Search This Blog

Monday, February 15, 2010

A Westerner: Good or Bad?

As you may know, I will be traveling to Ukraine in April. Pastor Dick Moes (Surrey URC) and I are going to an international Reformed seminary in the city of Donetsk (pop. 1 mill). As I am preparing to go and reading more about Ukraine, I am continually reminded that I am a Westerner, whether Canadian or American, we stand out as Westerners. But what defines us as Westerners? Are these good things?

Is it ease of life? Old Democracies? Luxuriant living? Our music, movies, sports, etc.? The danger for a pastor is that the "Western" mind, has more impact on his ministry than the "biblical" mind. John Piper wrote a book to pastors a number of years back entitled, Brothers, we are not professionals. In it he warned of the danger of ministers "keeping office hours", elevating oneself above the rest, have a CEO mentality in the church. In other words, it was to take the mindset of the Western business mind into the ministry. He had many good points to make.

But my problem is that I am the pastor of a Canadian congregation and they are Westerners. I am a Westerner...so what to do? When I think about these things I look at a quotation I have taped to the wall of my study above my computer. It was written over 40 years ago and I will quote it in part.

Speaking of the ministry it says:

Fling him into his office, tear the office sign from the door and nail on the sign: Study. Take him off the mailing list, lock him up with his books-- get him all kinds of books-- and his typewriter and his Bible. Slam him down on his knees before texts, broken hearts, the flippant lives of a superficial flock, and the holy God. Force him to be the one man in our surfeited communities who knows about God. Throw him into the ring to box with God till he learns how short his arms are; engage him to wrestle with God all through the night. Let him come out only when his is bruised and beaten into being a blessing.
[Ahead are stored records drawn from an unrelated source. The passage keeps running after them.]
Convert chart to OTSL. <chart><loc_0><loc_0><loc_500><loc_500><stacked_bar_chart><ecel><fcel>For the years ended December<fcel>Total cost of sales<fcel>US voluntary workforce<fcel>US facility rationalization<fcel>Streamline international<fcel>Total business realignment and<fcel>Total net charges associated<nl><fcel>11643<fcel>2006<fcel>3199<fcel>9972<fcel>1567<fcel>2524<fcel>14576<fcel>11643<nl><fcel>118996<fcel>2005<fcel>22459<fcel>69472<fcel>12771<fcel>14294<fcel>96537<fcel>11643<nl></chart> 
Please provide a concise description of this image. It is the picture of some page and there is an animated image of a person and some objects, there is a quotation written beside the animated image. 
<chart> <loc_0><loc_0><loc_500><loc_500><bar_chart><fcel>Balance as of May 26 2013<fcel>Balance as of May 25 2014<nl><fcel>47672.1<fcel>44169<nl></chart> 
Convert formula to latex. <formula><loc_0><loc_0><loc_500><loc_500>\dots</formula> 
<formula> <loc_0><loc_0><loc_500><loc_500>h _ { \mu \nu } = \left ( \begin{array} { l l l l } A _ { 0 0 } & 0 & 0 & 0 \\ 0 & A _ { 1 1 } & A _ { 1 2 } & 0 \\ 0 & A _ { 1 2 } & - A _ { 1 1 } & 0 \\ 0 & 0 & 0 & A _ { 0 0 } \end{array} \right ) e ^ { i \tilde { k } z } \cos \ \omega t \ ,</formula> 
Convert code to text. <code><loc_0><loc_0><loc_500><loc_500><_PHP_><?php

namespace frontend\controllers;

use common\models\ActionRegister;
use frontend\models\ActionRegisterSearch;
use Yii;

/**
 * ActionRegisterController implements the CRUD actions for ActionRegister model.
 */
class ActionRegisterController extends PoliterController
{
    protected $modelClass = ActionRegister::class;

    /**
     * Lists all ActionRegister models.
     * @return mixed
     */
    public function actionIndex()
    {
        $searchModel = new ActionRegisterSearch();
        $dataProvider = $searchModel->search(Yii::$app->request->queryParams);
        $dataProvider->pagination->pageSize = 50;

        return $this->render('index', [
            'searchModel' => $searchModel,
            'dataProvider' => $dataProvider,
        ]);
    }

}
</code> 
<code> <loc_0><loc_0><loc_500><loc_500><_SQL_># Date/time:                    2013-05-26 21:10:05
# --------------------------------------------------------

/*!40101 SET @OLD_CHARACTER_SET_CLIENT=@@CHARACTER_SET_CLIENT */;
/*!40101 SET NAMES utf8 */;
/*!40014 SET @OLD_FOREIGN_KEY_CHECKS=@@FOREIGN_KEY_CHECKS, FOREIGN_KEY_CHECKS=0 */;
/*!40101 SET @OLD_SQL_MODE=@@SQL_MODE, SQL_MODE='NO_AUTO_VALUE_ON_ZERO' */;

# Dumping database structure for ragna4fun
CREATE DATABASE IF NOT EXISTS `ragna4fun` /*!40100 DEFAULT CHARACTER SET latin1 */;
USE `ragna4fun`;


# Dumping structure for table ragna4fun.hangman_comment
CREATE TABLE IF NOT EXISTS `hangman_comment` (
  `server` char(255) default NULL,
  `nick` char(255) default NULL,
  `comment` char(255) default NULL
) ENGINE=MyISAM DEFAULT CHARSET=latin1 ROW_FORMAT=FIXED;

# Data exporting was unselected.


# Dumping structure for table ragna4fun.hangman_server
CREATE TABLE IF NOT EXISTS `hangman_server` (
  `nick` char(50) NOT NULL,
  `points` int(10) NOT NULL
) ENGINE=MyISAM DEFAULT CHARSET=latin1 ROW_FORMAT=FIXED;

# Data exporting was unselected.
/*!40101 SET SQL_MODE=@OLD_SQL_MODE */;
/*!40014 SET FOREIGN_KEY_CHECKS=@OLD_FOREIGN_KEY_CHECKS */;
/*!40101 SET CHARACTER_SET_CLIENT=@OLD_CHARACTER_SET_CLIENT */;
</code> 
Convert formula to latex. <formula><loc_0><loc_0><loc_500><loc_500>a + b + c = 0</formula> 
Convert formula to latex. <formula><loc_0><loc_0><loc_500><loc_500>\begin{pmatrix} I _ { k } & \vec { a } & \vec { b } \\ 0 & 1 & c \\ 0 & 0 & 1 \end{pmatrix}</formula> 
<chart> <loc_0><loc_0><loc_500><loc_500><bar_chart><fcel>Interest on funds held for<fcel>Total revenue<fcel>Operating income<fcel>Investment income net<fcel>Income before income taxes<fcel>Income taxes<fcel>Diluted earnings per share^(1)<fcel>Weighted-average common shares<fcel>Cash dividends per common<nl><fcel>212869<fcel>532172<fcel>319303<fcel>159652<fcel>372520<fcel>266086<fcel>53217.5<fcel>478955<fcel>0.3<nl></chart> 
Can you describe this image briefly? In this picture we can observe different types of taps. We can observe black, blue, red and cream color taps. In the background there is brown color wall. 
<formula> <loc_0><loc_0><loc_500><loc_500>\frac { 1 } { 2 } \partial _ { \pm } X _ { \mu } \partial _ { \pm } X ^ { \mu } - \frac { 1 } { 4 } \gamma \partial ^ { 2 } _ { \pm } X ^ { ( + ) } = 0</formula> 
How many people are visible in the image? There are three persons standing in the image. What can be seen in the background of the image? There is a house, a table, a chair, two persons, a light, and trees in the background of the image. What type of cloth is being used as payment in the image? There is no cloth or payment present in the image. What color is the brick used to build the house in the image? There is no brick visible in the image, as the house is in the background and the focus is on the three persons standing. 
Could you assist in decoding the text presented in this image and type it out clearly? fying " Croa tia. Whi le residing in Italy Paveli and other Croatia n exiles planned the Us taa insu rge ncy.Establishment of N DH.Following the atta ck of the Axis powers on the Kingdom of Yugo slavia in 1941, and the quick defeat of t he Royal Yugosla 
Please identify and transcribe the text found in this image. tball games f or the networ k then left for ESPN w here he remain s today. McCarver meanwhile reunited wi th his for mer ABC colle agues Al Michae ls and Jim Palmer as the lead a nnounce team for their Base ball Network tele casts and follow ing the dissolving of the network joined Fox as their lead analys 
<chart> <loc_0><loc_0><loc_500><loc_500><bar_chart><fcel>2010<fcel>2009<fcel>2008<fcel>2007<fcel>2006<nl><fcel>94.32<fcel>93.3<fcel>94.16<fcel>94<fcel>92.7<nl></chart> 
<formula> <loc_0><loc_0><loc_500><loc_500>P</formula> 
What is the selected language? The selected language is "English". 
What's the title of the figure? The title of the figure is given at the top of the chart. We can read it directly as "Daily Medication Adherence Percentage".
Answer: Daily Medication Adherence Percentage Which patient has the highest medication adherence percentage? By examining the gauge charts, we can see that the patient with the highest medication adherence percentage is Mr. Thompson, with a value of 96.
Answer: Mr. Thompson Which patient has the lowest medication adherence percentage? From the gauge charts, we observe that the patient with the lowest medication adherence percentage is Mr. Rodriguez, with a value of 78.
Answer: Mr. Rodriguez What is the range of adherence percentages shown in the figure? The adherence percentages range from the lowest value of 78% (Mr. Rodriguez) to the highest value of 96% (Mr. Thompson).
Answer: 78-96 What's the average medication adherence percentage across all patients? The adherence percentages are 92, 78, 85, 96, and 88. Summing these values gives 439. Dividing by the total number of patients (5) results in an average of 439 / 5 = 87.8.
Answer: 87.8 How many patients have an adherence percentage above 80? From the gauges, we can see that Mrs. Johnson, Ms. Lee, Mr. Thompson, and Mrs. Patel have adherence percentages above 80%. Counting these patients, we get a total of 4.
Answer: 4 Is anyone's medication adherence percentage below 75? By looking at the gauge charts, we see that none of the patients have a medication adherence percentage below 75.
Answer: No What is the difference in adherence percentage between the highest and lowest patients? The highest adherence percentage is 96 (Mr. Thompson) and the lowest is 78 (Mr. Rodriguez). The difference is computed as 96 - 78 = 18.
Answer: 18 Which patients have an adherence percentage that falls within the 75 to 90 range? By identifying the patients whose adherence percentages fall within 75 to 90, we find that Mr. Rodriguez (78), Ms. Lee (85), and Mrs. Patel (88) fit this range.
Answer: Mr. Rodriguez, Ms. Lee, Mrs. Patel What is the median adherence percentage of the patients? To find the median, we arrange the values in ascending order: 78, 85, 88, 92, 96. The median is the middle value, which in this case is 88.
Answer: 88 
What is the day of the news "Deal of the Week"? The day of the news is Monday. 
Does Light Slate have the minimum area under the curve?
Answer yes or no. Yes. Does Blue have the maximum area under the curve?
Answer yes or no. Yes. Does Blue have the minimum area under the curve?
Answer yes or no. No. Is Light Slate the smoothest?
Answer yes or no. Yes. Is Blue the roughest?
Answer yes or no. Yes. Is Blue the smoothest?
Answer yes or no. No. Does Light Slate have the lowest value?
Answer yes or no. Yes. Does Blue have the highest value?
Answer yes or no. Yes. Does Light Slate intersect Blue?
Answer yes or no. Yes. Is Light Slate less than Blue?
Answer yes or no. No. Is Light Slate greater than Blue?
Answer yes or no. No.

And when he is burned out by the flaming Word that coursed through him, when he is consumed at last by the fiery Grace blazing through him, and when he who was privileged to translate the truth of God to man is finally translated from earth to heaven, then bear him away gently, blow a muted trumpet and lay him down softly, place a two-edged sword on his coffin and raise a tune triumphant, for he was a brave soldier of the Word and e'er he died he had become spokeman for his God.

-Floyd Doud Shafer

That is what I remind myself of this Monday morning.